Member of the Virginia House of Delegates for Loudoun and Fauquier
- In office December 7, 1881 – December 4, 1883
- Preceded by: William H. F. Payne
- Succeeded by: Thomas Smith

Personal details
- Born: March 10, 1834 Warrenton, Fauquier County, Virginia
- Died: August 5, 1897 (aged 63) Warrenton, Virginia
- Profession: Lawyer, politician

Military service
- Allegiance: Confederate States
- Branch/service: Virginia Militia; Confederate States Army;
- Rank: Major (CSA)
- Unit: 8th Virginia Infantry
- Battles/wars: Battle of Ball's Bluff Battle of South Mountain, Battle of Gettysburg

= R. Taylor Scott =

American lawyer

Robert Taylor Scott (1834 - August 5, 1897) was a Virginia lawyer, politician and Confederate officer.

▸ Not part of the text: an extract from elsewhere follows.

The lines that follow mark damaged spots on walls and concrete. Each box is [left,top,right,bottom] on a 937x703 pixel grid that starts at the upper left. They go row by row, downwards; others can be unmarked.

Elected three times as Attorney General of Virginia, Scott also served one term in the Virginia House of Delegates and several terms as mayor of Warrenton, Virginia.

==Early and family life==
Born to Virginia lawyer/planter and Fauquier County delegate Robert Eden Scott (later a circuit judge) and his wife, Scott received a private education, then graduated from the University of Virginia in 1856.

In 1858, Scott married Fanny Scott Carter, who later became president of the Black Horse Chapter of the United Daughters of the Confederacy. Her father Richard Henry Carter had also served in the Virginia House of Delegates. The Scotts had nine children, including Richard Carter Scott (1859-1928), Elizabeth Taylor Scott (1861-2), Robert E. Scott (1866-67), Mary Welby Scott Keith (1870-1958), Rosalie Taylor Scott Hardin (1871-1962), Julian (b./d.1873), Fanny (1877–79), Robert (1879–84) and Edward (b/d1885).

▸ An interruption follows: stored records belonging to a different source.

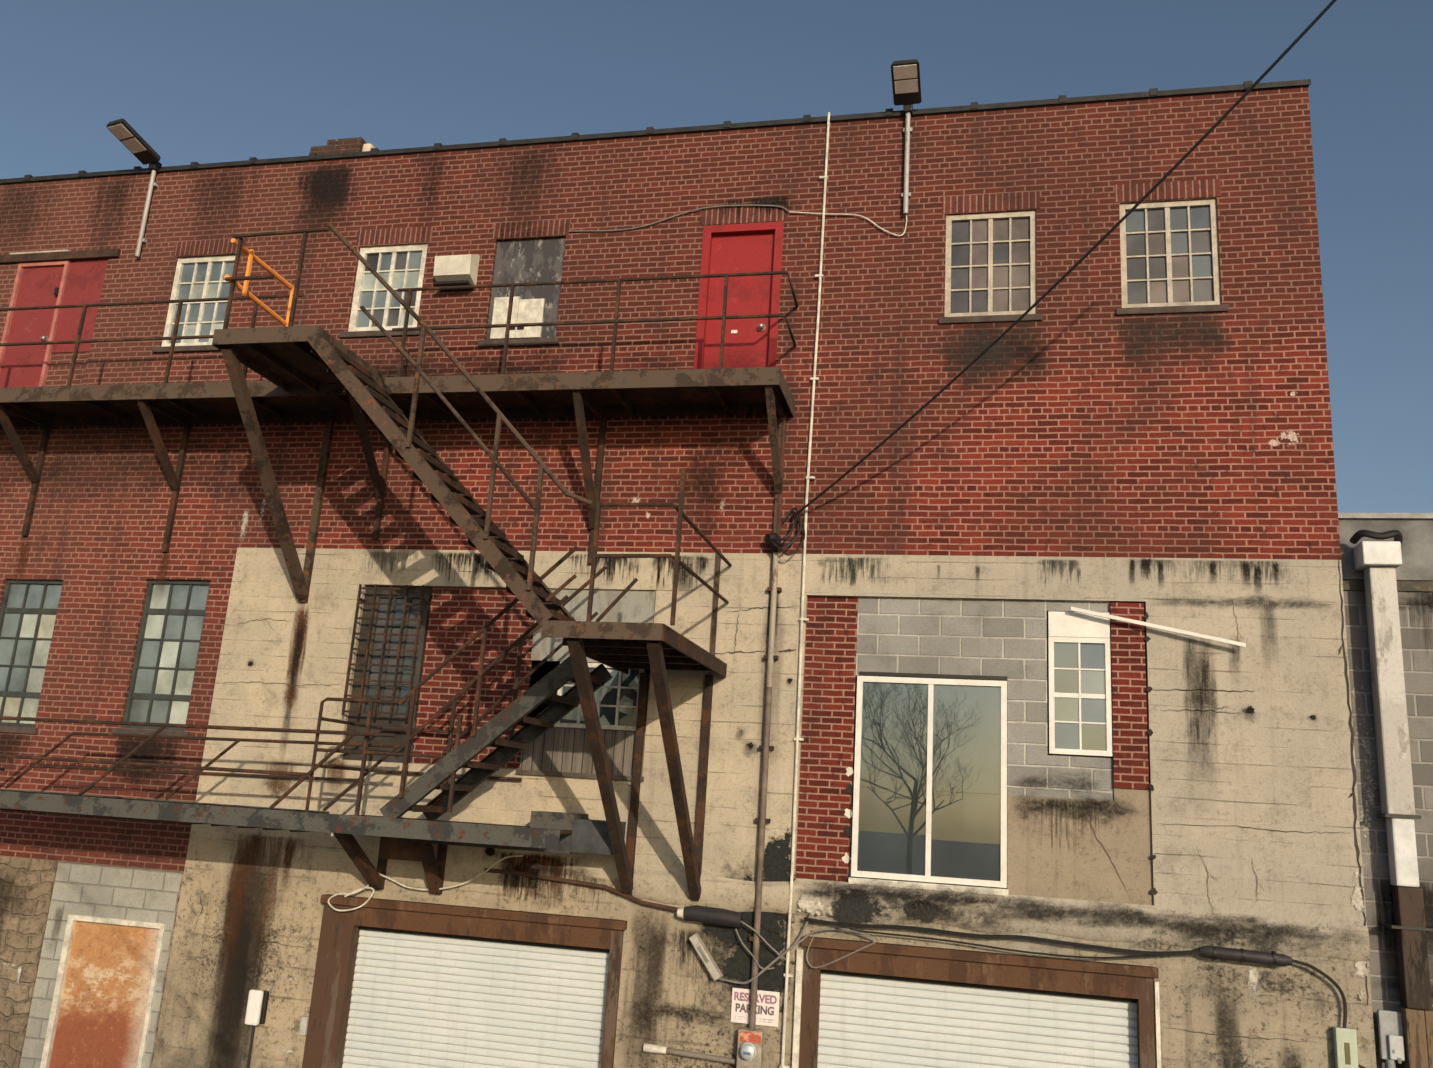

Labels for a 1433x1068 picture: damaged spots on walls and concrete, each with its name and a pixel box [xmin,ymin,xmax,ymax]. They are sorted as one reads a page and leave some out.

water stain [299,167,350,216]
water stain [1042,560,1080,583]
water stain [1130,559,1172,581]
water stain [1174,561,1311,607]
water stain [1027,782,1127,818]
corrosion [283,839,295,876]
water stain [809,880,1347,1068]

==Early legal and Confederate military career==
After reading law under his father, Scott was admitted to the Virginia Bar in 1857. In the 1860 Federal Census, Scott owned no real estate, but had $3490 in personal property, namely six slaves (half under 7 years old). By contrast, his father, Robert Eden Scott owned 34 slaves that year, about half children under 15 years of age.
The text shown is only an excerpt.